Gatra Jangan Tutup Kuping: Gaji 3 Bulan, BPJS Ketenagakerjaan dan Pasangon Karyawan Wajib Dituntaskan
JAKARTA - Ketua Serikat Karyawan Gatra, Andhika Dinata, meminta manajemen PT Era Media Informasi (Gatra Media Group) tak menutup kuping dengan tuntutan seluruh karyawan usai pemutusan hubungan kerja (PHK). Gatra resmi berhenti beroperasi pada Rabu, 31 Juli 2024 lalu.
Tuntutan karyawan setelah PHK seperti belum dibayarnya gaji per Mei, Juni, Juli 2024, BPJS Ketenagakerjaan yang menunggak hampir 26 bulan, nominal pasangon, hingga karyawan kontrak yang belum didaftarkan ke BPJS Ketenagakerjaan
"Sebetulnya kita sudah jenuh juga, selama ini kita tidak pernah mengeluarkan pernyataan sikap ke luar, hampir-hampir tak ada ada.Tetapi jelang berakhirnya Gatra tutup operasi kita lihat belum clear (hak-hak karyawan)," jelas Andhika saat dihubungi VOI, Minggu, 4 Agustus.
VOI telah meminta konfirmasi kepada Direktur Utama PT Era Media Informasi (Gatra Media Group) Hendri Firzani via phone dan WhatsApp. Namun sampai berita ini ditulis, Hendri Firzani belum membalasnya.
Andhika menyebutkan, sebelum resmi pamit, Serikat Karyawan Gatra, para karyawan, telah melakukan beberapa kali rapat dengan manajemen perusahaan, wakil dari holding mengenai hak yang wajib dipenuhi.

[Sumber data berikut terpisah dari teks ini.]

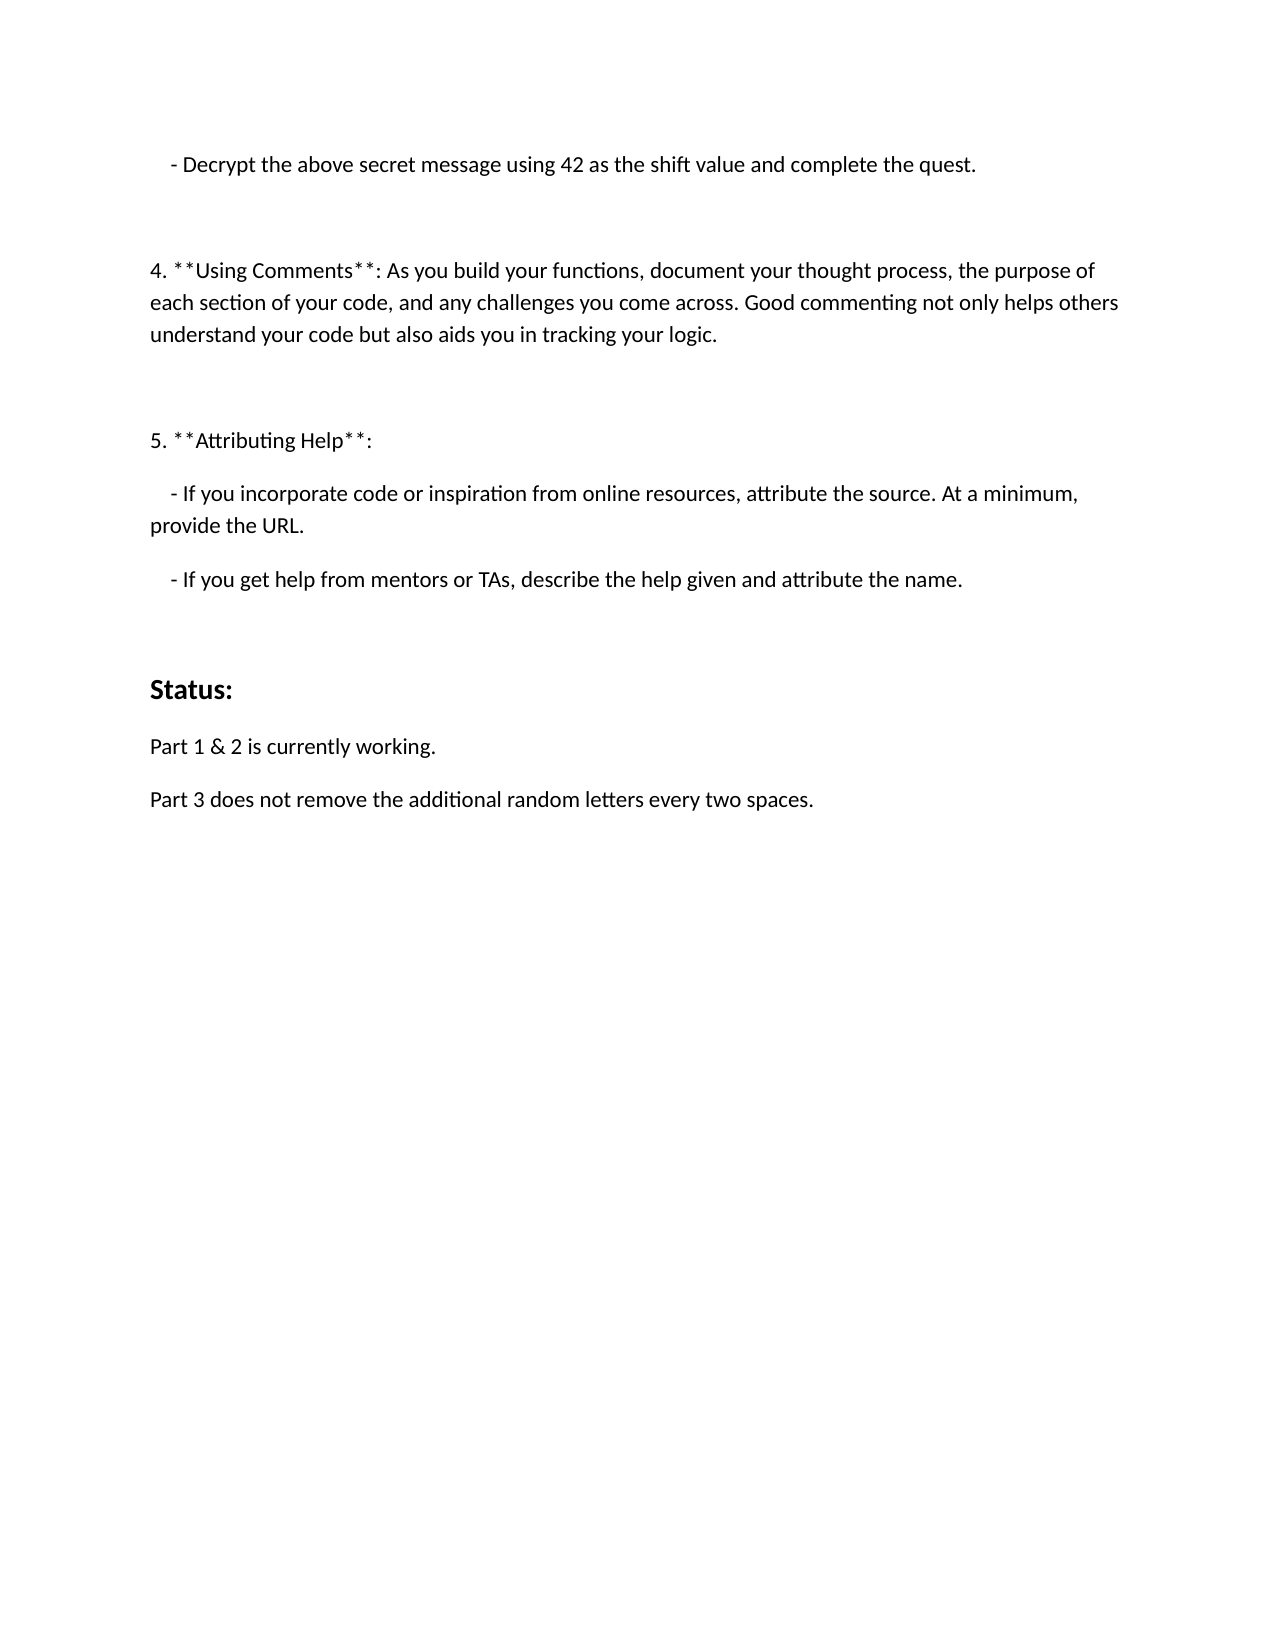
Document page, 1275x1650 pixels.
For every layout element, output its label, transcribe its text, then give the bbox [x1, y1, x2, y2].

text 4. **Using Comments**: As you build your functions, document your thought process, the purpose of each section of your code, and any challenges you come across. Good commenting not only helps others understand your code but also aids you in tracking your logic. [150, 256, 1125, 348]
text 5. **Attributing Help**: [150, 426, 1125, 454]
text Part 3 does not remove the additional random letters every two spaces. [150, 786, 1125, 813]
text - If you incorporate code or inspiration from online resources, attribute the source. At a minimum, provide the URL. [150, 479, 1125, 540]
text - If you get help from mentors or TAs, describe the help given and attribute the name. [150, 565, 1125, 593]
text Part 1 & 2 is currently working. [150, 732, 1125, 761]
text - Decrypt the above secret message using 42 as the shift value and complete the quest. [150, 150, 1125, 178]
text Status: [150, 671, 1125, 706]
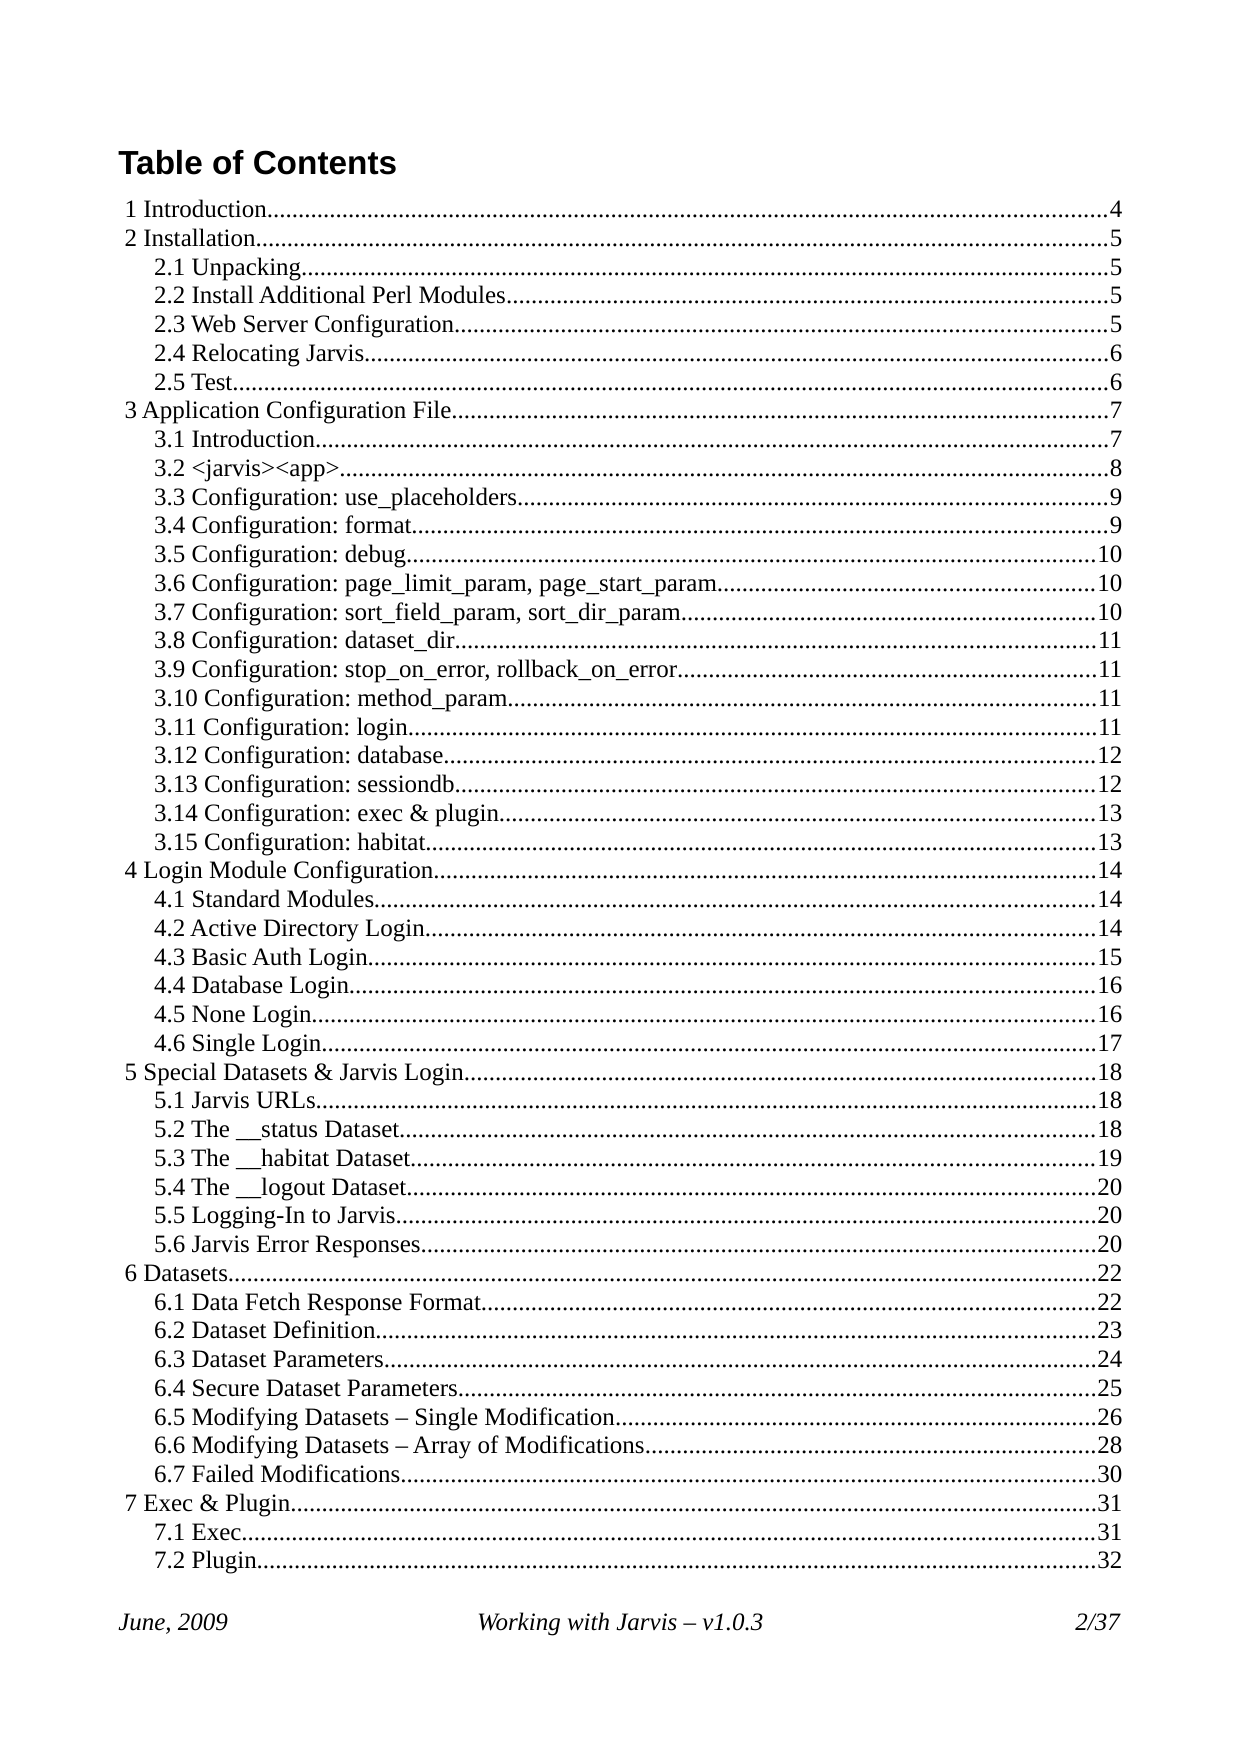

Saat itu, manajemen berjanji sebelum 31 Juli, semuanya bakal dirampungkan. Sayang, janji tinggal janji. Hingga detik ini hak karyawan belum dipenuhi.
Lucunya, sambung Andhika, manajemen menyebut keterlambatan Gaji bakal dibayarkan sekaligus dengan pasangon.
"Yang bikin kita geram gaji Mei-Juli belum tuntas dibayarkan. Mei sudah dibayar tapi masih ada sisa. Juni baru beberapa, seperempat lah (dari nominal gaji), kemudian Juli belum ada pembayaran sama sekali. Sebelum tutup operasi perusahaan sudah harus bayar ke karyawan. Tetapi perusahaan berasalan tidak punya cash flow yang cukup, sehingga pembayaran gaji dan sisa gaji bersamaan dengan pasangon. Ini kami kritik! Pasangon saja belum jelas," ucap Dhika.
Perusahaan beralasan kerugian terus-menerus dan terancam pailit sehingga membuat kebijakan pembayaran pesangon menggunakan ketentuan sebesar 0,5 kali. Padahal karyawan tidak menerima laporan keuangan audit dari perusahaan, dan belum ada putusan pengadilan yang menyatakan perusahaan mengalami pailit.
"Ketentuan pemberian pesangon 0,5 tidak mempunyai dasar hukum yang kuat," lanjut Dhika.
Perhitungan jumlah pesangon karyawan juga tidak sesuai peraturan ketenagakerjaan. Komponen yang seharusnya digunakan perusahaan sebagai dasar perhitungan uang pesangon adalah upah pokok dan segala macam bentuk tunjangan yang diberikan kepada karyawan dan keluarganya, termasuk tunjangan transportasi dan makan. Dalam hitungan pesangon yang digunakan perusahaan, komponen transportasi dan makan ditiadakan. Hal ini membuat uang pesangon yang diterima karyawan menjadi lebih kecil.
Selanjutnya, perusahaan menggunakan dasar penghitungan pesangon dimulai sejak terbitnya SK pengangkatan karyawan. Padahal seharusnya penghitungan masa kerja dimulai sejak hari pertama karyawan mulai bekerja.
"Kemudian persoalan BPJS Ketenagakerjaan per 31 Juli. Kita lakukan cek BPJS ternyata belum dibayar, manajemen bilang akhir Agustus 2024. Tunggakan itu selama dua tahun, atau sekitar 26 bulan. Ini juga belum clear ya," ujar Dhika.
Baca juga:
Tak hanya itu, menurut Dhika, untuk karyawan kontrak juga belum didaftarkan ke BPJS karena tunggakan pembayaran ini."Semoga didengarkan keluhan dari serikat. Karena beberapa pertemuan tidak clear masalah-masalah ini," tambah Dhika.